19 year old Ha Young Jung, born and raised in Seoul and now London-based, was one of the 40 bassists who were accepted and made the trip to Munich. She was excited to participate because it involved learning so much new repertoire in relatively little time. “Competitions and concerts a very different, of course, but I think competitions are very good because we have to play and prepare for so many pieces in such a short period. The experience is great. But doing only competitions wouldn’t be good, either, because it can get a little bit tense when you think about how to play without making mistakes or that one needs to be perfect all the time. Fortunately, I don’t think too much about what the jury would like to hear. I go out and play what I can play. At the end of the day, music is so personal that I can’t possibly know what it is the jury really likes. So I do what I like. Or”, she giggles with a view to her regular Russian pianist who fulfils a role somewhere between ersatz-mother and drillmaster, “what my accompanist wants”.

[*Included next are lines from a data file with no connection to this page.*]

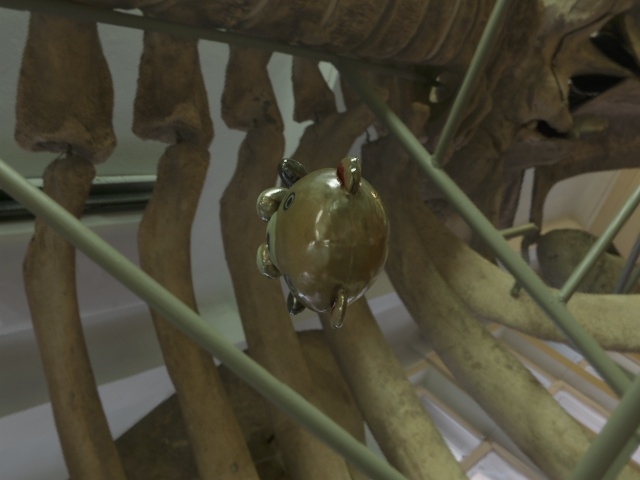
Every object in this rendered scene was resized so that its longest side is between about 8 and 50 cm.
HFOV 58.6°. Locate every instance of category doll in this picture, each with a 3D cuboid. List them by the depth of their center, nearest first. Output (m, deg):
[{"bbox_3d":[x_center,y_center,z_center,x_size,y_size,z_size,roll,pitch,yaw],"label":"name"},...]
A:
[{"bbox_3d":[0.000,0.000,0.842,0.174,0.330,0.235,6,-88,-13],"label":"doll"}]
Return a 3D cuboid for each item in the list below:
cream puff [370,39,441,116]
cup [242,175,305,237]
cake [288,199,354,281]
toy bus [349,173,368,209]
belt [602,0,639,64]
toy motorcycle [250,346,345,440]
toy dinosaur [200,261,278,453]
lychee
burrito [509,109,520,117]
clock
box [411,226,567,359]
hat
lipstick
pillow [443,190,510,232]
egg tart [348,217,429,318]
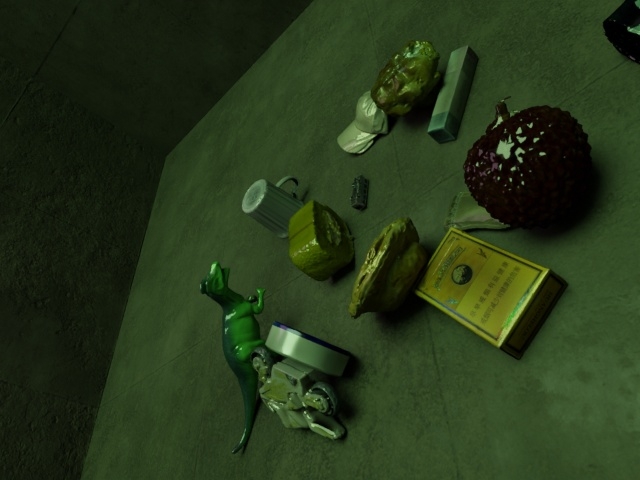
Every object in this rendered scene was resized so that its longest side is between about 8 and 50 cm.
[{"bbox_3d":[0.300,-0.515,1.652,0.282,0.185,0.282,-46,19,20],"label":"cream puff"},{"bbox_3d":[-0.180,-0.150,1.971,0.167,0.202,0.221,-19,50,41],"label":"cup"},{"bbox_3d":[0.000,0.000,1.635,0.156,0.179,0.260,-36,36,29],"label":"cake"},{"bbox_3d":[0.132,-0.163,1.709,0.037,0.052,0.131,-31,40,43],"label":"toy bus"},{"bbox_3d":[0.707,-0.449,1.093,0.078,0.151,0.198,-45,37,19],"label":"belt"},{"bbox_3d":[-0.070,0.432,1.385,0.340,0.108,0.223,14,117,42],"label":"toy motorcycle"},{"bbox_3d":[-0.274,0.360,1.541,0.144,0.374,0.500,-7,56,41],"label":"toy dinosaur"},{"bbox_3d":[0.448,-0.170,1.106,0.264,0.264,0.300,-28,74,38],"label":"lychee"},{"bbox_3d":[0.512,-0.279,1.312,0.058,0.045,0.188,-9,50,19],"label":"burrito"},{"bbox_3d":[-0.035,0.299,1.388,0.230,0.230,0.083,8,75,55],"label":"clock"},{"bbox_3d":[0.367,0.106,1.148,0.193,0.084,0.301,-57,33,1],"label":"box"},{"bbox_3d":[0.145,-0.451,1.855,0.226,0.164,0.219,-21,42,14],"label":"hat"},{"bbox_3d":[0.412,-0.454,1.564,0.068,0.066,0.317,-6,59,53],"label":"lipstick"},{"bbox_3d":[0.411,-0.078,1.287,0.217,0.033,0.130,0,62,52],"label":"pillow"},{"bbox_3d":[0.184,0.088,1.298,0.128,0.319,0.319,29,87,15],"label":"egg tart"}]
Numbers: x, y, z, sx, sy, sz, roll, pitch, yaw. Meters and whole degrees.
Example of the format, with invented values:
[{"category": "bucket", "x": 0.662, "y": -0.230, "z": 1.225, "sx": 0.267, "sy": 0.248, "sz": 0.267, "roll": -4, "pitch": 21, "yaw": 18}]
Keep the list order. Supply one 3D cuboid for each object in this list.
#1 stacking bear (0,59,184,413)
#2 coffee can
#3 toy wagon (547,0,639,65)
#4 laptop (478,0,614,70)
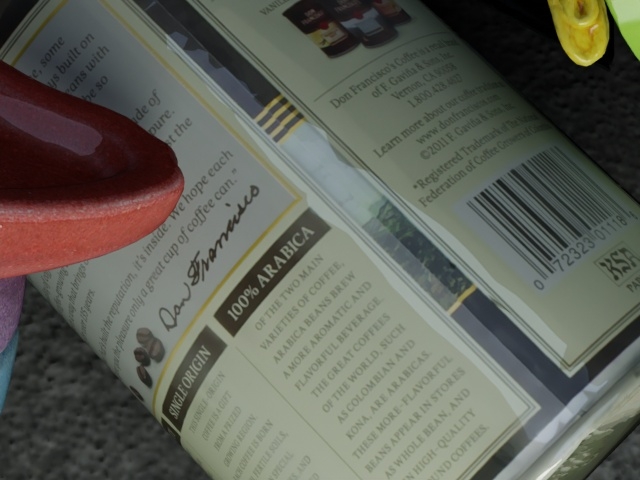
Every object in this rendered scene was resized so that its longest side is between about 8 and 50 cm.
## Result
[{"category": "stacking bear", "x": -0.194, "y": 0.070, "z": 0.588, "sx": 0.175, "sy": 0.289, "sz": 0.164, "roll": 33, "pitch": 25, "yaw": 19}, {"category": "coffee can", "x": 0.000, "y": 0.000, "z": 0.673, "sx": 0.201, "sy": 0.201, "sz": 0.275, "roll": -38, "pitch": 74, "yaw": -22}, {"category": "toy wagon", "x": 0.156, "y": -0.114, "z": 0.689, "sx": 0.068, "sy": 0.344, "sz": 0.267, "roll": -21, "pitch": 90, "yaw": 21}, {"category": "laptop", "x": -0.035, "y": -0.311, "z": 0.777, "sx": 0.408, "sy": 0.382, "sz": 0.236, "roll": 36, "pitch": 102, "yaw": 32}]
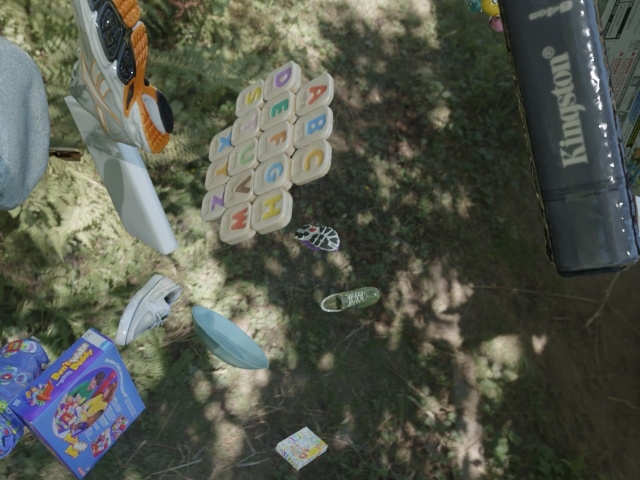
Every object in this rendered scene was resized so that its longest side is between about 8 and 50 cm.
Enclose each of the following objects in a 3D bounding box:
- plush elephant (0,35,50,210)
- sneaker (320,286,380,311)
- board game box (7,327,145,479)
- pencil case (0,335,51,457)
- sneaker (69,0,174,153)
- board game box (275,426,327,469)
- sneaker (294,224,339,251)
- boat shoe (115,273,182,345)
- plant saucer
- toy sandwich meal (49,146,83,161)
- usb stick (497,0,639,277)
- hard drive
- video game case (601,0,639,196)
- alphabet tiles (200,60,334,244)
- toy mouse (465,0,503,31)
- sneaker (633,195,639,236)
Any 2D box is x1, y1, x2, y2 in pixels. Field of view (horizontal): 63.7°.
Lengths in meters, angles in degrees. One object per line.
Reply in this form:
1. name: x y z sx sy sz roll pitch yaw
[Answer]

Ten, fifteen years ago women playing the double bass were still a rare sight, which is changing now. But it’s still a popular topic to ask musicians like Alexandra Scott, the very petite blonde English double bass player of the Bavarian Radio Symphony Orchestra who made it to the second round of the ARD competition—and few questions annoy her more. So she rolls her eyes, instead. Ha Young Jung finds that the funny looks she gets, rather than being a woman playing the double bass, come from her being—or wanting to be—a solo bass player.

“Many people don’t consider the bass a solo instrument. Its register is low, its sound difficult to project when you play with an orchestra. But I think it depends on how a player brings out the qualities of the instrument, rather than on the instrument itself. Not that I’d want to limit myself just to ‘solo bass’. I love playing chamber music, I love playing with chamber orchestras… well, I just love playing bass, really. I’d like playing in an orchestra, too, but when I play orchestra for a few days, I get very, very ill, because I just give out everything. Even though I look very healthy” she says with a waggish smile, referring to her hearty physique, “my physical health isn’t very strong.

There’s something about the very big picture that’s part of playing in an orchestra and I enjoy it very much—and some aspects are even more demanding than playing solo. But three Mahler symphonies in as many days and I’d have to rest for a month. I’ll need to work on my health if I ever wanted to be able to play in an orchestra.”

I picked Ha Young Jung out of the double bassists because among the players of the first day, only she and Frenchman Olivier Thiery’s glorious “Arpeggione Sonata” by Schubert impressed me thoroughly. Playing Bottesini’s “Elegy and Tarantella”, every phrase made musical sense and her unbridled energy was like someone opened the windows in the (windowless) Studio 1. “There isn’t a lot of repertoire for the bass anyway, compared to other instruments anyway. But Bottesini is one of the few composers who really tried to expand the repertoire and I think he’s very musical, very much fun to play, and fun to listen to” said Jung, and it sounded just like that. Except only with her.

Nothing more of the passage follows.